Through all of these purchases, my father had a nose for profitable properties. As reported in the July 25, 1977 issue of Business Week, His country music radio station in Yankton, South Dakota, for example, might seem too small for the owner of seven costly TV stations to bother with, but it reaches five populous farm states with radio’s strongest daytime signal. Park recalls adding his first FM stations in the mid-1960’s even though profits then were almost nonexistent. “I carried them along because I knew they were going to make it sooner or later,” he said.3 Cecil L. Richards, a broker in Falls Church, VA, confirmed that the two Virginia TV stations my father bought at an average of $6 million were each worth in excess of $10 million by 1977.
Along the way, my father was also asked if he thought about investing in cable. He said cable was not his style. “It’s highly capital-intensive, and it’s going to wind up in the hands of a few large companies,” he said. He was right. At the time he also said the problem with the cable networks and the independent stations was that they failed to cover local news. His stations took pains to cover things such as the local Rotary Club and high school football games. “It may not be CBS Sports,” he said, “but if your kid is playing, you’re going to watch it.”
As Pops was nearing his legal ownership limit of twenty-one broadcasting stations, seven each of television, AM and FM radio stations, he realized that at this time, in order to continue to grow, he would have to move to other media acquisitions. As reported in the Winston-Salem Journal, “Like Alexander the Great, he had run out of worlds to conquer. But instead of sitting down to weep, he did what he said he had wanted to do at the beginning.
He bought his first newspaper at the age of 62—41 years after his college paper and AP days.” While he was still buying broadcasting stations, he entered the newspaper field in 1972, and by 1977, he owned forty newspapers in nine states. They comprised one-third of his wealth. His media acquisitions through the years are far too complex to follow in the pages of this book. He moved through radio, television, outdoor advertising, and, finally, newspapers. His holdings are summarized in Appendix B, Building a Media Empire.

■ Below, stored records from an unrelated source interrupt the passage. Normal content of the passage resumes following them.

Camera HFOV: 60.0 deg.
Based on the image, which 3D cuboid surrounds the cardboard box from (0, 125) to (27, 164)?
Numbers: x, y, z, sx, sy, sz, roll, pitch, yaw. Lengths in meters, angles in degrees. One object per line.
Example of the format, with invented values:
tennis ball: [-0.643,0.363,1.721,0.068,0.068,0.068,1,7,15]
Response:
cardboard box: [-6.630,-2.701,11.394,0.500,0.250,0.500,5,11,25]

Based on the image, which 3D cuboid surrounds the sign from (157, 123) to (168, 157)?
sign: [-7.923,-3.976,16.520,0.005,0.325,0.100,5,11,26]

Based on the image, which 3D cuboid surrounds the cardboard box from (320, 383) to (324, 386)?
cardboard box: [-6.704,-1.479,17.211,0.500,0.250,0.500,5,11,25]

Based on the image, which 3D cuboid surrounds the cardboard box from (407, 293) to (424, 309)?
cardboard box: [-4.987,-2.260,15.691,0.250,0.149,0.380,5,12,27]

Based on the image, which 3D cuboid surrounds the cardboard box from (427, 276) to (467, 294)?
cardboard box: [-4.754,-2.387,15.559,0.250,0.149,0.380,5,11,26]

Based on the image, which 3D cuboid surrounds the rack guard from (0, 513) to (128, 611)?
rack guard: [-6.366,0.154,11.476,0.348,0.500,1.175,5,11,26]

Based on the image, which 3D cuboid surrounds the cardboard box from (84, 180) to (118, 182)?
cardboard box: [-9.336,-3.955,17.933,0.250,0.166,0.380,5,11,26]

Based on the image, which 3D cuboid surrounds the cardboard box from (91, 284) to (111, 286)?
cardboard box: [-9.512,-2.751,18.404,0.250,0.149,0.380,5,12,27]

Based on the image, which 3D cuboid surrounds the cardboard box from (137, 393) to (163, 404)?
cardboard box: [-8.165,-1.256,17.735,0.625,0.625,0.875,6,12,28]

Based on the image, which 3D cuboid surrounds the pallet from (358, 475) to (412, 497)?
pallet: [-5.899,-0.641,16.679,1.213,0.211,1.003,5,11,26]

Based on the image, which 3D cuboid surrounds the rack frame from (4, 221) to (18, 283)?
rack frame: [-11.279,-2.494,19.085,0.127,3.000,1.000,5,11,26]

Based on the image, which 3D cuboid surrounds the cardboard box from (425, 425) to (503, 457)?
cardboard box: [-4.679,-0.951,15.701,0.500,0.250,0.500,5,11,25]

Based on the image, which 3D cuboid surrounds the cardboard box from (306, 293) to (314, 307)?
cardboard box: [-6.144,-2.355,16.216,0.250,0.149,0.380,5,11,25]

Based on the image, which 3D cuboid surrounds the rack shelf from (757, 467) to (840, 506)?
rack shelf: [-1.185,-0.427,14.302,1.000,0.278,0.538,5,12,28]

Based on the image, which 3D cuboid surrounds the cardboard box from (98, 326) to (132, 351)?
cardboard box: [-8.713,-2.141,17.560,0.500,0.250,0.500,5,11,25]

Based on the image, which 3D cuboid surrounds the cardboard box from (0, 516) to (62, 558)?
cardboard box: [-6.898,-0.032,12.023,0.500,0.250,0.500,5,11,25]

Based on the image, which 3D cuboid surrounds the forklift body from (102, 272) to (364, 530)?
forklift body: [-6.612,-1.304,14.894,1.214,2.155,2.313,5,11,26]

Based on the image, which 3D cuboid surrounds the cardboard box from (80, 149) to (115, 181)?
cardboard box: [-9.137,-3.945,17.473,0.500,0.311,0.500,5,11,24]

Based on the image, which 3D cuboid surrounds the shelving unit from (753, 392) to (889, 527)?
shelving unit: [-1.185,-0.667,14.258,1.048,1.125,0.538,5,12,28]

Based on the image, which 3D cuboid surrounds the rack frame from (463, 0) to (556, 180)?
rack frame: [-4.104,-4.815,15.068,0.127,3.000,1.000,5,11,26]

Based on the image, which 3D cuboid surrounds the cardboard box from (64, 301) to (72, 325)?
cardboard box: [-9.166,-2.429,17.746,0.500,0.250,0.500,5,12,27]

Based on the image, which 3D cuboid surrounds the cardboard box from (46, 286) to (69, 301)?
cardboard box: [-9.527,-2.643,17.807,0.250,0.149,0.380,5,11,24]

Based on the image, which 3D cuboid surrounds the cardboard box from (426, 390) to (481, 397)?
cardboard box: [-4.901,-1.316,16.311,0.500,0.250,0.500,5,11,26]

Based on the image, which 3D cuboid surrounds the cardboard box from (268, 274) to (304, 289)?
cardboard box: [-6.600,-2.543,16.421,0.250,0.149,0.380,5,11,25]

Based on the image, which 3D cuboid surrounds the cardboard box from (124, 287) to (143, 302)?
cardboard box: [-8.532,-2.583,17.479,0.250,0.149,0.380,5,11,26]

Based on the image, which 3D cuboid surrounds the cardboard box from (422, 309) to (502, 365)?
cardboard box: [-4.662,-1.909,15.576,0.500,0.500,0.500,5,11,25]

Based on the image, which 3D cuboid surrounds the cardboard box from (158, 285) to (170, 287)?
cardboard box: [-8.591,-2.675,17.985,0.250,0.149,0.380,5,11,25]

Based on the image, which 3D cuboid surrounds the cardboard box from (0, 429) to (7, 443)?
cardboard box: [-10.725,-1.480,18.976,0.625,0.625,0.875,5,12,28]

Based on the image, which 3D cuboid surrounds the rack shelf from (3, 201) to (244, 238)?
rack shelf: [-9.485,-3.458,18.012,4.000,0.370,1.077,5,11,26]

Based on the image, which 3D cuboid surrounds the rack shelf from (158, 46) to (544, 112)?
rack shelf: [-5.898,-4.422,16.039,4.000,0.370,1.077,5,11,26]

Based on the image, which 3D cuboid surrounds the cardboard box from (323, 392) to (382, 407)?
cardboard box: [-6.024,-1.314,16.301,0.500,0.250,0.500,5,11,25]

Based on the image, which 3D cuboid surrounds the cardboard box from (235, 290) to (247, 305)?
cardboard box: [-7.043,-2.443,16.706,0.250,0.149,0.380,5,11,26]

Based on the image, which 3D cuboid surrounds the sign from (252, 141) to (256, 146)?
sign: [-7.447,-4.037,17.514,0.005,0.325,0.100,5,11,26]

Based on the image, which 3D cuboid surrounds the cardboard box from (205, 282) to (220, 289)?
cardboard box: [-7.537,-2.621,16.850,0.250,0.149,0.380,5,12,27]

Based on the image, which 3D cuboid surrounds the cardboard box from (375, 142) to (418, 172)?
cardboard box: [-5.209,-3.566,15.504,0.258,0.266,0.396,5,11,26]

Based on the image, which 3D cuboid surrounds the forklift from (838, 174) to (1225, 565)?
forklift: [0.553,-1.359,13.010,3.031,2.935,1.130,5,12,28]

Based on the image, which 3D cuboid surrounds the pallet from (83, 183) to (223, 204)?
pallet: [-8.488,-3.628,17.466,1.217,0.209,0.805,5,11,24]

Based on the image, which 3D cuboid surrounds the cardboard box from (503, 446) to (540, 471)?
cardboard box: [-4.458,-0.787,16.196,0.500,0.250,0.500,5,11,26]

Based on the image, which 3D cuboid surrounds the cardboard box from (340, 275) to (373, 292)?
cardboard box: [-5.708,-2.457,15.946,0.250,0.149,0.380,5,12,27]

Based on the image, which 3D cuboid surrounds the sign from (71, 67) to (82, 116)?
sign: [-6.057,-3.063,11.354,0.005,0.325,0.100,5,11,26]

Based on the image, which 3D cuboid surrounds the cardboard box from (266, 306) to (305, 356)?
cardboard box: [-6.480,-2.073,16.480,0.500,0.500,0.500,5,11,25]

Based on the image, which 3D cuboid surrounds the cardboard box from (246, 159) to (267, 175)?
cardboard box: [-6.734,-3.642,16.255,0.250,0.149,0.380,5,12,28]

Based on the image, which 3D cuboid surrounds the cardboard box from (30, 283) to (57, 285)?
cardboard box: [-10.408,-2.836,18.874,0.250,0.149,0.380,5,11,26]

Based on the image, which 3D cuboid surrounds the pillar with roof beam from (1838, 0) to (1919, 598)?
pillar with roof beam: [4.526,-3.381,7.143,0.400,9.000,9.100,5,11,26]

In an interview with Virgil Gaither in the August 22, 1979, is
sue of the Tulsa Tribune, my father expressed his desire to get into the newspaper business, and why he started with broadcasting: I developed some trade publications [right after leaving the Associated Press], and always wanted to get into the [newspaper] business. When I could, I got the television business because at the time—back in the 1960s—I thought the newspaper business was a dying business.
I picked a market area and over a period of time bought television stations in North Carolina, Tennessee, Virginia and Alabama. I also built a station in Utica, New York, but it is helpful if you can buy in one general area because you keep up with the economics and politics of the region. When I got into radio, I had to buy where stations were available. I have stations in Seattle, Portland, Minneapolis, Syracuse, South Dakota, Greenville, Chattanooga and Richmond.
After we generated some cash, I moved over to my first love and bought newspapers.4 That is the subject of a later chapter.